(WORK INSTRUCTION) Beginning at the line that contains "Format: a minified", write out each remaining line of the entries below exactly as it stands.

Saved entries

•••

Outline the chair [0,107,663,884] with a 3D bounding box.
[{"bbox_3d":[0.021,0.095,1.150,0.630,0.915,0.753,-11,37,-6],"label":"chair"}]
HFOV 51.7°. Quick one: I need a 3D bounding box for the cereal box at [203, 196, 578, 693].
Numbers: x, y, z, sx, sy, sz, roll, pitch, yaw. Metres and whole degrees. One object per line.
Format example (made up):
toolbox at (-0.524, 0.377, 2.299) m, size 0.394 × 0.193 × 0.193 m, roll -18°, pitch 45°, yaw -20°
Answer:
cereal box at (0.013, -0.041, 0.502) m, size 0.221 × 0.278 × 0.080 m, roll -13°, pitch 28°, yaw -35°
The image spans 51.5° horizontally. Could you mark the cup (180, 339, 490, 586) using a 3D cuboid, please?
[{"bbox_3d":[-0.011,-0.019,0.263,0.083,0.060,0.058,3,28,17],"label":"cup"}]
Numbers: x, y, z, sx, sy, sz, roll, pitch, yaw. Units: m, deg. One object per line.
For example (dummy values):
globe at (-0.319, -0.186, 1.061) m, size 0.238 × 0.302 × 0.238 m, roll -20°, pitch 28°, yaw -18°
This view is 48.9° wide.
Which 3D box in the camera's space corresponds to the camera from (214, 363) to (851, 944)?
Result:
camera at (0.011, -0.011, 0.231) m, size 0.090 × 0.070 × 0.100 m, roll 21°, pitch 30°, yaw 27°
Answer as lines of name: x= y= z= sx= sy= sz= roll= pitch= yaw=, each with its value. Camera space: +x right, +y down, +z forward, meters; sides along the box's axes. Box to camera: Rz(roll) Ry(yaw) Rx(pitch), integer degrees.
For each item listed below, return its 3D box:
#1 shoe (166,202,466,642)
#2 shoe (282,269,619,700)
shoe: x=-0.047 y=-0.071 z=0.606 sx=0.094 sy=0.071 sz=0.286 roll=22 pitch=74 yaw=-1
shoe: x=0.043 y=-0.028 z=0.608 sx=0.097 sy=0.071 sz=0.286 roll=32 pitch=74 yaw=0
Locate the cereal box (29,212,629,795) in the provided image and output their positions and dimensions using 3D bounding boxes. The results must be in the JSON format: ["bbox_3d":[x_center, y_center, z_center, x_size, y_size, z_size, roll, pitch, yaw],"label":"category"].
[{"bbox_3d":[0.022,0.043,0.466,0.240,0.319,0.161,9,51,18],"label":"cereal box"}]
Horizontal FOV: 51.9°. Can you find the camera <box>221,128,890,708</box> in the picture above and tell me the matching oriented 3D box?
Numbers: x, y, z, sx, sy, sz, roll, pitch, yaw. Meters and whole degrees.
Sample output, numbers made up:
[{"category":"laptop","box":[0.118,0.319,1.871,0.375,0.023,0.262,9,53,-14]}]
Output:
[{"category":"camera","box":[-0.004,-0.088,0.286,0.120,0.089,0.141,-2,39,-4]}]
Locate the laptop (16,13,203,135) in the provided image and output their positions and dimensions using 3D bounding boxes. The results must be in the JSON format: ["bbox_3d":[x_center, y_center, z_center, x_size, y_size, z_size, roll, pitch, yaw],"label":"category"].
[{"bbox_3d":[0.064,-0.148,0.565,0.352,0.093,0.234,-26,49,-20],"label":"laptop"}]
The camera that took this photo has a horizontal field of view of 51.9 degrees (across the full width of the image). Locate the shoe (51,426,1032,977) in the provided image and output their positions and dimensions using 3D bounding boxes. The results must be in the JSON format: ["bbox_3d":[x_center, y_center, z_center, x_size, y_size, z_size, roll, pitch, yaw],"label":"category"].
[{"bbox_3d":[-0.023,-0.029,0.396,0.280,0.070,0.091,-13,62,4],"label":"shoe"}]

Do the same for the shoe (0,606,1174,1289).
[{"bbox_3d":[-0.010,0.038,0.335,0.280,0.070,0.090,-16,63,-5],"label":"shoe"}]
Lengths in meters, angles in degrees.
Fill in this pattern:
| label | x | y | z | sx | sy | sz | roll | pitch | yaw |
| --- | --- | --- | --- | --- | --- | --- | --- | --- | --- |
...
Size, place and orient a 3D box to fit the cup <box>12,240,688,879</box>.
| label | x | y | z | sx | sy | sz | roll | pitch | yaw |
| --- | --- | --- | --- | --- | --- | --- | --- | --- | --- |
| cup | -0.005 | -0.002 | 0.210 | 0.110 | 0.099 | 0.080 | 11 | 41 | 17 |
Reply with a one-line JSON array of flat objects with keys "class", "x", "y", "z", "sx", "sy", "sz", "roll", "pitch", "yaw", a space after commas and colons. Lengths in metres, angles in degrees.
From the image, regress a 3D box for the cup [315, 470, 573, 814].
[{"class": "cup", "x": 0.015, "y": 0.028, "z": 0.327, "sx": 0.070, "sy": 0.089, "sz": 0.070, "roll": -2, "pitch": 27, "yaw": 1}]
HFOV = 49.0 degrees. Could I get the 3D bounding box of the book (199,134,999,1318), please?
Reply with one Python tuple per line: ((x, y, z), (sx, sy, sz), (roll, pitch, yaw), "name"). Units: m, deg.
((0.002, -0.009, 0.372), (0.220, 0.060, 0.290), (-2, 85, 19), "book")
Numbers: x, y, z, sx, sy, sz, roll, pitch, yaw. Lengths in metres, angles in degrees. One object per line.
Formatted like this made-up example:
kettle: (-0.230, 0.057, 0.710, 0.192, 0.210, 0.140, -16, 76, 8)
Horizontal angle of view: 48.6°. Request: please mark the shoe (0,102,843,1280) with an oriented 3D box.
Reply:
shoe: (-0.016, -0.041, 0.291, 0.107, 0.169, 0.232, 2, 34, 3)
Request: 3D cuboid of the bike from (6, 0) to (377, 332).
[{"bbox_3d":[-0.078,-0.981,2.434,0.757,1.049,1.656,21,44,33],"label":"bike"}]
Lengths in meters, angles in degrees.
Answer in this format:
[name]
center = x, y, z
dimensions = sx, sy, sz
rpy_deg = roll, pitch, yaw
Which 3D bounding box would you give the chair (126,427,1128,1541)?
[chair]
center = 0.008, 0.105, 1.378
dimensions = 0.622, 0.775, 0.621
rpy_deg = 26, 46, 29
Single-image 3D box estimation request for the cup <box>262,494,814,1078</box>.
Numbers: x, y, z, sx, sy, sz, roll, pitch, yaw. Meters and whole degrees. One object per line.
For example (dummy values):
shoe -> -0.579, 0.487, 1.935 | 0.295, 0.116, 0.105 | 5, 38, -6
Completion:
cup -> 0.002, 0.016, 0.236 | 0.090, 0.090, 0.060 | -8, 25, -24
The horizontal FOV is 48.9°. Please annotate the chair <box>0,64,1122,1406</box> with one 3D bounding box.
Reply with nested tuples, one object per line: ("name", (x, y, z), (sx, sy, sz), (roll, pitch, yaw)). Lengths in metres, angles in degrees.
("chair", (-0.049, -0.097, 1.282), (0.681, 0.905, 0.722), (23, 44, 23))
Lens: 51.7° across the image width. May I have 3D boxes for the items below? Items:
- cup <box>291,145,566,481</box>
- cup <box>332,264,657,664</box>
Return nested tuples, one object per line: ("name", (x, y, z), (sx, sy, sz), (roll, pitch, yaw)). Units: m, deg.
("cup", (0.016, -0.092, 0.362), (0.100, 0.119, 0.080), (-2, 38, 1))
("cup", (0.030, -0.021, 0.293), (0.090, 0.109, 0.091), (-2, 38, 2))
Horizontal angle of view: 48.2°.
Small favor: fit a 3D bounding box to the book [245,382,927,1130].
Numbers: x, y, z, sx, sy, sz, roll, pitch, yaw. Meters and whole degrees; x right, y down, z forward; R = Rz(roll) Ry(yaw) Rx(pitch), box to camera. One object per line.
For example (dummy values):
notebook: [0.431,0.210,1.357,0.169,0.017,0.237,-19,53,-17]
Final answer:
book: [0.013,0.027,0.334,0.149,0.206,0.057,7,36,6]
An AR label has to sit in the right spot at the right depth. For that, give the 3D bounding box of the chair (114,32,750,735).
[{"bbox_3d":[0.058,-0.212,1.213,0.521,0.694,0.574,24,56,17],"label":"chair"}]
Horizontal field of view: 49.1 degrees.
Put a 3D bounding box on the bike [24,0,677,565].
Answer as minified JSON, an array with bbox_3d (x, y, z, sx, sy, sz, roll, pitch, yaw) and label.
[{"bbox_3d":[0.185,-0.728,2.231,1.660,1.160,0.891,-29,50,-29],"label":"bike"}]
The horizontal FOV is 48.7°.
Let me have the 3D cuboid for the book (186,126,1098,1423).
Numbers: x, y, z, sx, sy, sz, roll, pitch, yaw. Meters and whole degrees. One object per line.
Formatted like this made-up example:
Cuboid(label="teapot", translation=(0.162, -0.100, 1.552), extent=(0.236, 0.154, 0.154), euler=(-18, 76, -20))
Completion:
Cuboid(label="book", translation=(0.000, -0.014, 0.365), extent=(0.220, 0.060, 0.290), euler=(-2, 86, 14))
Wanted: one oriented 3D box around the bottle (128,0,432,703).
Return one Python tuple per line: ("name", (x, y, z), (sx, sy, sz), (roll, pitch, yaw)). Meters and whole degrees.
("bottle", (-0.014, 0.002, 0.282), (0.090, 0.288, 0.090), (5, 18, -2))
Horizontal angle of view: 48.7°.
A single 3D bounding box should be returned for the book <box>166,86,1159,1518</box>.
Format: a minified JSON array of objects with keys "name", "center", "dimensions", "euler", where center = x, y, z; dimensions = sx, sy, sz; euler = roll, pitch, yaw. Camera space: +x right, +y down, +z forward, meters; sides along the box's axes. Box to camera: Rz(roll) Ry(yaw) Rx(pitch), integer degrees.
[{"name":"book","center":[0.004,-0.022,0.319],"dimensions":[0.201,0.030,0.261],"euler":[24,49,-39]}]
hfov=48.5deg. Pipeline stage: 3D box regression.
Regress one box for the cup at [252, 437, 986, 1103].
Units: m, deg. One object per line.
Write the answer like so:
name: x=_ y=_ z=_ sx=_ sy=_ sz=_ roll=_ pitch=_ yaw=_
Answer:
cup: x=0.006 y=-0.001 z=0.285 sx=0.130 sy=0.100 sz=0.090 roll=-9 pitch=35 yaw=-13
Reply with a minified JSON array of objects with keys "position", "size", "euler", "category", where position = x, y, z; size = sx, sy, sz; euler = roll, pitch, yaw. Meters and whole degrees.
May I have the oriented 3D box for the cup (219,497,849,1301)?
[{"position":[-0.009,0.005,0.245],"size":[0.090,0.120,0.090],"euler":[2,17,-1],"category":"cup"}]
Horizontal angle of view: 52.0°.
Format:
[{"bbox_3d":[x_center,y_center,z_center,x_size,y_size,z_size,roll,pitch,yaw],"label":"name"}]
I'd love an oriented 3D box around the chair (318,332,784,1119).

•••

(FINISHED EXERCISE)
Format: a minified JSON array of objects with keys "name", "center", "dimensions", "euler", where center = x, y, z; dimensions = sx, sy, sz; euler = roll, pitch, yaw. Camera space: +x right, +y down, +z forward, meters; sides along the box's axes. Box to camera: Rz(roll) Ry(yaw) Rx(pitch), integer degrees.
[{"name":"book","center":[0.004,-0.022,0.319],"dimensions":[0.201,0.030,0.261],"euler":[24,49,-39]}]
hfov=48.5deg. Pipeline stage: 3D box regression.
Regress one box for the cup at [252, 437, 986, 1103].
Units: m, deg. One object per line.
Write the answer like so:
name: x=_ y=_ z=_ sx=_ sy=_ sz=_ roll=_ pitch=_ yaw=_
Answer:
cup: x=0.006 y=-0.001 z=0.285 sx=0.130 sy=0.100 sz=0.090 roll=-9 pitch=35 yaw=-13
Reply with a minified JSON array of objects with keys "position", "size", "euler", "category", where position = x, y, z; size = sx, sy, sz; euler = roll, pitch, yaw. Meters and whole degrees.
May I have the oriented 3D box for the cup (219,497,849,1301)?
[{"position":[-0.009,0.005,0.245],"size":[0.090,0.120,0.090],"euler":[2,17,-1],"category":"cup"}]
Horizontal angle of view: 52.0°.
Format:
[{"bbox_3d":[x_center,y_center,z_center,x_size,y_size,z_size,roll,pitch,yaw],"label":"name"}]
I'd love an oriented 3D box around the chair (318,332,784,1119).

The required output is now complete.